**HOW TO COMPLETE THIS TASK**: Go line by line through the data below and work out how many lines contain "track"; the answer is that number alone.

**AVAILABLE DATA**:
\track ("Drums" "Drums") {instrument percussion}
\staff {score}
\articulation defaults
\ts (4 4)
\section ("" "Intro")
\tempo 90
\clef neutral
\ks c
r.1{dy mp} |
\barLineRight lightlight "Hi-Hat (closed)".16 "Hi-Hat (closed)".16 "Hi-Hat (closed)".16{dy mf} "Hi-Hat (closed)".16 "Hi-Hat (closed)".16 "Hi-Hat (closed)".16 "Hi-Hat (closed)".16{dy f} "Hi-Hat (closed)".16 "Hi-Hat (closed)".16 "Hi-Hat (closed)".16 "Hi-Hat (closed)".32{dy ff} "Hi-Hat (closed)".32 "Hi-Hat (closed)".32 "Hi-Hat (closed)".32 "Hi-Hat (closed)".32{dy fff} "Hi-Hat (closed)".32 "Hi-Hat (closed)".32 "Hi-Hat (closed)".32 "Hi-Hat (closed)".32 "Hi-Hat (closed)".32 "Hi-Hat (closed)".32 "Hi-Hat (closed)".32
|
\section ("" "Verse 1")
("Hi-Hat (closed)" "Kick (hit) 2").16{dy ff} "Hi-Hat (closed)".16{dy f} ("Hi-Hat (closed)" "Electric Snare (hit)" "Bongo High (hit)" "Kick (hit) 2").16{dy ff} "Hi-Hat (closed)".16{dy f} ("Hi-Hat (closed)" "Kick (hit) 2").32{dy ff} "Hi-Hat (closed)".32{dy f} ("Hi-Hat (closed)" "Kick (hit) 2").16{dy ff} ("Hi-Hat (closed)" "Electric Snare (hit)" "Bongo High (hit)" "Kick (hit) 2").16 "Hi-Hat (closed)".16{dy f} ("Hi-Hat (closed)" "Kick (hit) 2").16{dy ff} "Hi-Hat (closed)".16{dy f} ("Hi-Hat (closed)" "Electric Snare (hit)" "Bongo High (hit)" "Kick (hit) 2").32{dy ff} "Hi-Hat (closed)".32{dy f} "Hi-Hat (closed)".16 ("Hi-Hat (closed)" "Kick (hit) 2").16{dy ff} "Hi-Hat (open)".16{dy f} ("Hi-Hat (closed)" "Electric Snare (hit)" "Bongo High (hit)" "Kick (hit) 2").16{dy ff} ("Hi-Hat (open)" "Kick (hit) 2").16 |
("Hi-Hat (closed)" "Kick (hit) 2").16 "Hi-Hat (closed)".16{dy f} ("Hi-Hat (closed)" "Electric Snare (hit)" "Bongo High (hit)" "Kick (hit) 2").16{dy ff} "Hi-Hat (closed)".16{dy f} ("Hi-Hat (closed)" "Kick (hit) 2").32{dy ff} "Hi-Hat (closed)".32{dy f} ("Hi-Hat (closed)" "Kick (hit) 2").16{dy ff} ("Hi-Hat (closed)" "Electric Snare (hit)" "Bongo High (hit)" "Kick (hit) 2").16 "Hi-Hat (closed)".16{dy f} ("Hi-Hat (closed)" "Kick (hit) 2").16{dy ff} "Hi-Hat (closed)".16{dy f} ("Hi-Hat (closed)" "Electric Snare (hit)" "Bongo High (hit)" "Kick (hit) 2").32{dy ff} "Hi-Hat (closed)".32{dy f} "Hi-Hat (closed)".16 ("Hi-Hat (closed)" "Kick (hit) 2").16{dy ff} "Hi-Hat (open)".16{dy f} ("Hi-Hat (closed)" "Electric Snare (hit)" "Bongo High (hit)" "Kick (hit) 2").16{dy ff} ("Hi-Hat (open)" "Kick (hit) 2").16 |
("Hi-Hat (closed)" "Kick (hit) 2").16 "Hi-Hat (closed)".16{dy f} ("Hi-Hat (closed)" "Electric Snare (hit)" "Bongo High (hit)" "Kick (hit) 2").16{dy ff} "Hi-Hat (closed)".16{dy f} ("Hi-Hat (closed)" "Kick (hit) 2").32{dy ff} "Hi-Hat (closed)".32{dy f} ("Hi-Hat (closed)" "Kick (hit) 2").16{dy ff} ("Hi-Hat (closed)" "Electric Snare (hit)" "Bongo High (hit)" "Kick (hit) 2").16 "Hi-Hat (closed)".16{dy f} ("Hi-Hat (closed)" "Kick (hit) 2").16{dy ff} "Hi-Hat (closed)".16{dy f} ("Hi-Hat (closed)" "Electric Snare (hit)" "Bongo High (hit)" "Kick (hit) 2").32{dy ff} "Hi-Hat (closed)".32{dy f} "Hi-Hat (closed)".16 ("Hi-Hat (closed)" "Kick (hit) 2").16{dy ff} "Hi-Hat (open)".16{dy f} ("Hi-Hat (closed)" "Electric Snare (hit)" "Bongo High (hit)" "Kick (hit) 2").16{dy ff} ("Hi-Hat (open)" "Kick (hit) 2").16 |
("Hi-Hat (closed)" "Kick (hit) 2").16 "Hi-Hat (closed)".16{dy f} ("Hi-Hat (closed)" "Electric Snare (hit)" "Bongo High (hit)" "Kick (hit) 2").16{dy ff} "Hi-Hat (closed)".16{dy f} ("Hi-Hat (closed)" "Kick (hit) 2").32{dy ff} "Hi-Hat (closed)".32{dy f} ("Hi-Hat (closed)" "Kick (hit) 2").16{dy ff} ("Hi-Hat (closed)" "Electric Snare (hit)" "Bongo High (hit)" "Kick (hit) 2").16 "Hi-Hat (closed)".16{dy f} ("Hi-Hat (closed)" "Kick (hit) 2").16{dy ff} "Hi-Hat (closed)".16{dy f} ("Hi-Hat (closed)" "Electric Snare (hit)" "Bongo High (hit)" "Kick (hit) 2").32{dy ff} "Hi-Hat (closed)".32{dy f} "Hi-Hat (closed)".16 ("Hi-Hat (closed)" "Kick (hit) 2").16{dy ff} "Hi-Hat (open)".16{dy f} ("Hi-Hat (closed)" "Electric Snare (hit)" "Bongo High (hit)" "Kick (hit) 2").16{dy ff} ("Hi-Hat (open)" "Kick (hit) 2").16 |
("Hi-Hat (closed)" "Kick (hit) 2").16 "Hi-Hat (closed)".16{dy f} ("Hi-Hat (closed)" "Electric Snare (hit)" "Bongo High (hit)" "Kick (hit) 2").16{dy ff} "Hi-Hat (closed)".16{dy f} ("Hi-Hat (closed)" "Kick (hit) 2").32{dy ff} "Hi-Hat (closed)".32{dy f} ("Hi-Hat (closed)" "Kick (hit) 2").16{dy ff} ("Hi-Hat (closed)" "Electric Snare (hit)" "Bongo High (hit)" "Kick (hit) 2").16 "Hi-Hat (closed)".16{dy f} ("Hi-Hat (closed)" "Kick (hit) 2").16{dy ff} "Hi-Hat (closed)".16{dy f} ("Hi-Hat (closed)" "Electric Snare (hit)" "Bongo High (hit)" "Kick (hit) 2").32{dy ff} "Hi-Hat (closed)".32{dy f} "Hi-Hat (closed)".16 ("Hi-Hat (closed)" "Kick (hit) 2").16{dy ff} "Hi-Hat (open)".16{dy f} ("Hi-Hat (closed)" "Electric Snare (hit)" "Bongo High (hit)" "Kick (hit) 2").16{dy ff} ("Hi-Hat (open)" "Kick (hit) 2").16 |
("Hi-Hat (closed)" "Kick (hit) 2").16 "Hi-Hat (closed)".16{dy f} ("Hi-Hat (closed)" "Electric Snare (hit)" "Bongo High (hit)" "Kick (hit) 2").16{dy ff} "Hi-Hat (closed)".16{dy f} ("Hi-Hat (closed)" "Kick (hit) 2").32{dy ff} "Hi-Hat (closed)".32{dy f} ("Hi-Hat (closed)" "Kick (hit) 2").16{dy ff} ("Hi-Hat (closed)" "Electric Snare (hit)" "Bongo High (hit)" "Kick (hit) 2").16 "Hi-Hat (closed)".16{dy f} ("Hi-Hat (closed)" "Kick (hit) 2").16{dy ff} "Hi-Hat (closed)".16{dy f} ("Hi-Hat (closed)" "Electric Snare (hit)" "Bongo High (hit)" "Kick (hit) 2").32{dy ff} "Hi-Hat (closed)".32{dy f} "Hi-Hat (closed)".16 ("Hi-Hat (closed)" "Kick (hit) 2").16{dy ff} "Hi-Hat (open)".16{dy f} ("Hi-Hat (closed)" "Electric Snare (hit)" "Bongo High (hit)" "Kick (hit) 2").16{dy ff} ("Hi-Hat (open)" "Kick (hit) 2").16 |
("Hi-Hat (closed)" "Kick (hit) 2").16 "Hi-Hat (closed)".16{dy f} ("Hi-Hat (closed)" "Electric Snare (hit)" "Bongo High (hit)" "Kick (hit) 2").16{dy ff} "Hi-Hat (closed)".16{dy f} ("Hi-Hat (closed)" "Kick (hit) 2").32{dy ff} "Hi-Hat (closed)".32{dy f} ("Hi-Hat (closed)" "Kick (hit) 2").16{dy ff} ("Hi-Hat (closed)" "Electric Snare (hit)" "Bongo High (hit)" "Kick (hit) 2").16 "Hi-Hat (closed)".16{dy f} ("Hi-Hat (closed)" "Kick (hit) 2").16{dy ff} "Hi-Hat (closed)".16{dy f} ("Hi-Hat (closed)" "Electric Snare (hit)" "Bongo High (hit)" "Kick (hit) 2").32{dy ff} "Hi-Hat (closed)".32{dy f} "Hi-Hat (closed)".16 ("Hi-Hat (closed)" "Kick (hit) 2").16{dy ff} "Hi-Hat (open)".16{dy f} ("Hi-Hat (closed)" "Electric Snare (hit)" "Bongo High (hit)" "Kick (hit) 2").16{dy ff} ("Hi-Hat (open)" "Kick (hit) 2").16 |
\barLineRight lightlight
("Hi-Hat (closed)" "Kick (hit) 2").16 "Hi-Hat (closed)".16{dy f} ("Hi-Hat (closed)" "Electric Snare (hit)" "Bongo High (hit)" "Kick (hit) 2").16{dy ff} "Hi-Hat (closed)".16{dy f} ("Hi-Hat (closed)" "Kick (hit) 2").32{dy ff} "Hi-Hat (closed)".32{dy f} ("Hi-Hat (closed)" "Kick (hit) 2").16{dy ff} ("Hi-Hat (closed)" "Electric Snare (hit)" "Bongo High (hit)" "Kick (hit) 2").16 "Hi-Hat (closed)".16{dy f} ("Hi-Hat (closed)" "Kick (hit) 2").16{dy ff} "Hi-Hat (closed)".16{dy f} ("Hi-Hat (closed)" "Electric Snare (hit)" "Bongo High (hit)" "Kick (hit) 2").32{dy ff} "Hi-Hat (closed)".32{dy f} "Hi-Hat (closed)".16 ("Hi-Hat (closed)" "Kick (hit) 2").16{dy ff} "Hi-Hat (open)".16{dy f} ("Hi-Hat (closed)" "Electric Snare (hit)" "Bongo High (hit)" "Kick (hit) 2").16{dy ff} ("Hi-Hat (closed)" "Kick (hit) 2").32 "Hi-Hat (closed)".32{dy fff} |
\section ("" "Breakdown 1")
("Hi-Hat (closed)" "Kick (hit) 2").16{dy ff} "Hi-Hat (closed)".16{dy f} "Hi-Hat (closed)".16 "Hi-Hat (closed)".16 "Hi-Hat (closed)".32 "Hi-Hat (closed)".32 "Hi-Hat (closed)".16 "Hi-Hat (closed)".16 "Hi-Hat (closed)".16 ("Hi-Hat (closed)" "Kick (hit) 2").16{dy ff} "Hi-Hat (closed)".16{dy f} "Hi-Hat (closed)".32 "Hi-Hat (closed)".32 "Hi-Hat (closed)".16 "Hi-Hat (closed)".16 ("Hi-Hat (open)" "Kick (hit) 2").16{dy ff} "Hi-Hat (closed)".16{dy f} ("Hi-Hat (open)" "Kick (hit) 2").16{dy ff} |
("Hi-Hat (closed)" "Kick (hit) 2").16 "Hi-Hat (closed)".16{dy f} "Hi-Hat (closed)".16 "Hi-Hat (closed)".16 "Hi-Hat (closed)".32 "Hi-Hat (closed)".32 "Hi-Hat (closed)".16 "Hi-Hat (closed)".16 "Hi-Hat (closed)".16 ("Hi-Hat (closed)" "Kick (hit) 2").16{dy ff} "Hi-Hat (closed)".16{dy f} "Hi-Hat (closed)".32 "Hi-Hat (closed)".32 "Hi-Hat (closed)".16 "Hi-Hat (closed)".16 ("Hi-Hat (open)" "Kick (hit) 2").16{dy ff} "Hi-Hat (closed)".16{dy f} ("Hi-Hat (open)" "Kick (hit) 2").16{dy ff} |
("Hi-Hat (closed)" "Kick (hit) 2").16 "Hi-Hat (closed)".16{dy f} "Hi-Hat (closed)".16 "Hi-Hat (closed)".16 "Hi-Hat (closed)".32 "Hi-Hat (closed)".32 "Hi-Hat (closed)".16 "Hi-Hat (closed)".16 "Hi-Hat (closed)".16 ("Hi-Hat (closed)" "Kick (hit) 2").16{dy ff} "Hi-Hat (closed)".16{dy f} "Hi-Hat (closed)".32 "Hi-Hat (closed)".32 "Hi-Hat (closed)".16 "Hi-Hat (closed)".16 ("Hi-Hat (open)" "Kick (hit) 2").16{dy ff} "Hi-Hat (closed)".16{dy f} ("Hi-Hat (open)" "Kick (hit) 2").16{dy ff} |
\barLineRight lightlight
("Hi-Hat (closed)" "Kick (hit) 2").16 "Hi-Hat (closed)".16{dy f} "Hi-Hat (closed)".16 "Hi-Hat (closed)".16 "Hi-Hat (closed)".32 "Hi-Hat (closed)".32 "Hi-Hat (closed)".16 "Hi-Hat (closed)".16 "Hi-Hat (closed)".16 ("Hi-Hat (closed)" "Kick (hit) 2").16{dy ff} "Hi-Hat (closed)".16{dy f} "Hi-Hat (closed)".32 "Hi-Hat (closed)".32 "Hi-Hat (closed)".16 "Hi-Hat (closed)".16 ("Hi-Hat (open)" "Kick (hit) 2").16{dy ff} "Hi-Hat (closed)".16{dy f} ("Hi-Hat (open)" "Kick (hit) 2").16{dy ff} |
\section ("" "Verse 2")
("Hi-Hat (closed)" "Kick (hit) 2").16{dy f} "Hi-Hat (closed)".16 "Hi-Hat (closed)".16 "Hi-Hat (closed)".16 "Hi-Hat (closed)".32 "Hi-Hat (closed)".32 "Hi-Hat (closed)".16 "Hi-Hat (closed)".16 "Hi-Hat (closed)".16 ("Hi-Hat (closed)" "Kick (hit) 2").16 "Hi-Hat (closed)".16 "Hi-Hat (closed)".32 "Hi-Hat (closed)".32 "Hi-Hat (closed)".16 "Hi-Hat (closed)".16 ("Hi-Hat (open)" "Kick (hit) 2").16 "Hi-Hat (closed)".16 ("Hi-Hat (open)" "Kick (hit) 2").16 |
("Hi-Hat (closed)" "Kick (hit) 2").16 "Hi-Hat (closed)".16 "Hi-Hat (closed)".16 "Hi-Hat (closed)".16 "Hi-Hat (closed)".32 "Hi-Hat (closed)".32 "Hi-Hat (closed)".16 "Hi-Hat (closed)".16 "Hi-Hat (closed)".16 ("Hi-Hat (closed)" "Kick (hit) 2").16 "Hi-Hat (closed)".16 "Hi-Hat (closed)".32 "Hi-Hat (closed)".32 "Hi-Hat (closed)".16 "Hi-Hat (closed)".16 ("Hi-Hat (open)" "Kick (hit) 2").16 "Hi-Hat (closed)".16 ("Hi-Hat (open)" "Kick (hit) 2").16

==

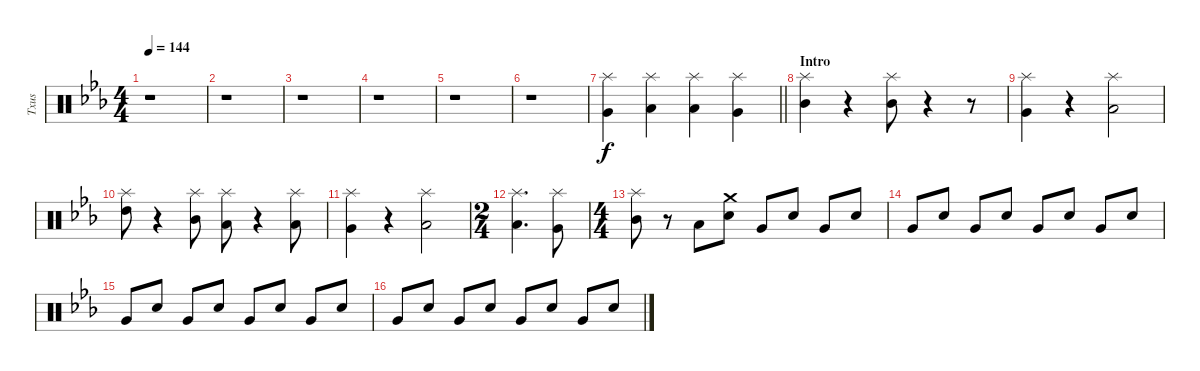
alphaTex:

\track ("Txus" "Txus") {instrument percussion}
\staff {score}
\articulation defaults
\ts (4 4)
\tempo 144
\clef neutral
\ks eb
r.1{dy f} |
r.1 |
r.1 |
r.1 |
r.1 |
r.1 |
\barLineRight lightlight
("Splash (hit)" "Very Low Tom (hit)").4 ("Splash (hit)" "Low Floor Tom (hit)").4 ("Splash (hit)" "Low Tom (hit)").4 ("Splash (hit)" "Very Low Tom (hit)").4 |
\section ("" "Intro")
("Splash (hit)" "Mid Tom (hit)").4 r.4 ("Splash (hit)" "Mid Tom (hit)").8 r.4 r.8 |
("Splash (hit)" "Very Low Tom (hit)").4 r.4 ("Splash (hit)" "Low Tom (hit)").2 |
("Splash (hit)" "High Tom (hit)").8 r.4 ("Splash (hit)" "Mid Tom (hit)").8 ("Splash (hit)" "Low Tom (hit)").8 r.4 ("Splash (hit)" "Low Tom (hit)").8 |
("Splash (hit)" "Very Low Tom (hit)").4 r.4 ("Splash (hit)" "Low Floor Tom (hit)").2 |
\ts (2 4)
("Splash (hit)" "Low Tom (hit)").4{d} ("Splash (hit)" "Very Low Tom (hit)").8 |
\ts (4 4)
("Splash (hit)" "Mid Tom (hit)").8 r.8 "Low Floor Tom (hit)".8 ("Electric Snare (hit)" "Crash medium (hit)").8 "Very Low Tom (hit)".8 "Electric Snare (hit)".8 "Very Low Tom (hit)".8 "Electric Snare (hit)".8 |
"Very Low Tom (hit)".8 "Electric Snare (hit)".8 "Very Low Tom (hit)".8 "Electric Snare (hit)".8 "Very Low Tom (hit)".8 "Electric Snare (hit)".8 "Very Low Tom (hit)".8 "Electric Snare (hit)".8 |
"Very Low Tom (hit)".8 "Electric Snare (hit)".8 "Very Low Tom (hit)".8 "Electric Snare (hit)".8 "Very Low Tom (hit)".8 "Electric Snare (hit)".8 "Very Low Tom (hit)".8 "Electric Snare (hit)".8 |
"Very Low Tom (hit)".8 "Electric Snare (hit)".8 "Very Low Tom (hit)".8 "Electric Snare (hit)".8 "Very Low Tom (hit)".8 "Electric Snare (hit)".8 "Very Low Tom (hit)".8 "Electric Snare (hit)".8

**RESULT OF THIS EXERCISE**: 2